Spanish right to protest under threat, activists warn


WITH SOCIAL unrest building in Spain due to the deepening economic crisis, debate is raging over the right to protest, and critics warn that the government risks curbing basic constitutional rights as it tries to keep the peace.

This week the conservative administration’s delegate for Madrid, Cristina Cifuentes, proposed modifying the law in order to limit street protests, on the grounds that they frequently bring traffic and businesses to a halt.

Some of her fellow members of the governing Partido Popular (PP) have voiced support for a review of the legislation. And on Wednesday, attorney general Eduardo Torres-Dulce advocated “suppressing all those who use those rights of freedom of speech to go further and undermine the foundations of the state of law”.

He also underlined the importance of the right to demonstrate, but his words were pounced upon by those who say an authoritarian backlash is under way.

José Manuel Gómez Benítez, a progressive member of Spain’s judicial oversight body, called the initiative “typical of authoritarian and dictatorial regimes, not of a democratic state”.

“What seems to bother Cifuentes is the number, the frequency and the permanence of the protests,” he told a radio interviewer.

“But these take place because there are more and more people who don’t trust those they have voted into office.”

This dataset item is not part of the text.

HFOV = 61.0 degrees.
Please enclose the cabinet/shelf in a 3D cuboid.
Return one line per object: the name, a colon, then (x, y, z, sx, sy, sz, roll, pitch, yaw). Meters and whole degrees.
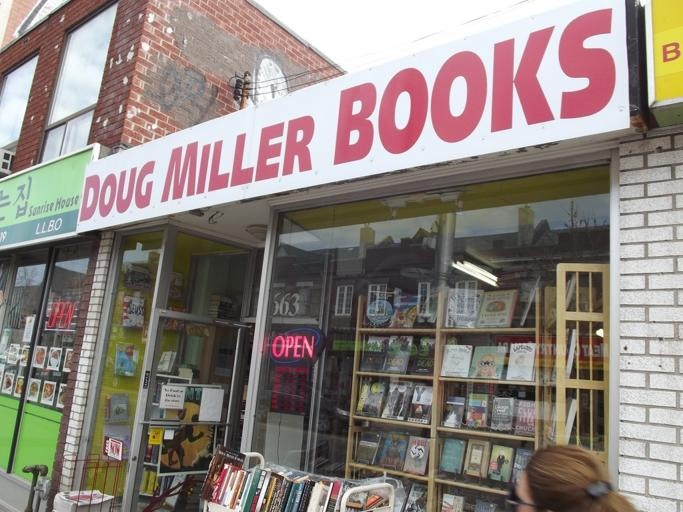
cabinet/shelf: (0.963, 0.951, 4.078, 1.584, 1.435, 0.567, -6, -19, 30)

The interior ministry has said it has no plans to change the law, but not everyone is convinced.

Gaspar Llamazares of the Izquierda Unida leftist coalition said the administration was planning “to limit the right to gather”.

The government is already in the process of reforming the penal code to stiffen the punishment for those who use violence at demonstrations.

Individuals accused of organising violent events through the internet will face up to two years in prison under the change.

Prime minister Mariano Rajoy has faced a growing wave of street protests since taking power in December 2011, mainly because of the severe austerity programme he has implemented to meet deficit targets set by Brussels.

Usually these see hundreds, or thousands, of public sector workers, trade unionists, or students marching peacefully and noisily through the streets.

Ms Cifuentes said 2,200 protests had taken place in Madrid this year alone – a figure a police union has queried.

However, with unemployment at 25 per cent and rising, these demonstrations have taken a more fervent turn lately.

On September 25th, thousands of members of a movement calling itself “Occupy Congress” surrounded the parliament building, in a protest aimed not just at the government, but at the entire political class. Some of the protesters became violent and the police responded with baton charges and rubber bullets.

“The government seems to be trying to instil fear in those who take part in these protests,” said Raúl Camargo (33), a civil servant who was at the demonstration. “They’ve already cut back on loads of our economic rights. Now they’re cutting our constitutional rights.”

The nature of the protest and the police’s handling of it seemed to mark a new intensity in Spain’s unrest. The government insisted that “the silent majority” of people were not involved, but analysts said most Spaniards had already turned against the government, which last week unveiled new austerity measures and structural reforms.

“Since the summer, there’s been a notable deepening of the worry and outrage that people are feeling,” said Josep Lobera, a sociologist at Madrid’s Autónoma University. “There’s a very negative mindset among Spaniards right now. If the bad news continues, the social unrest will get worse.”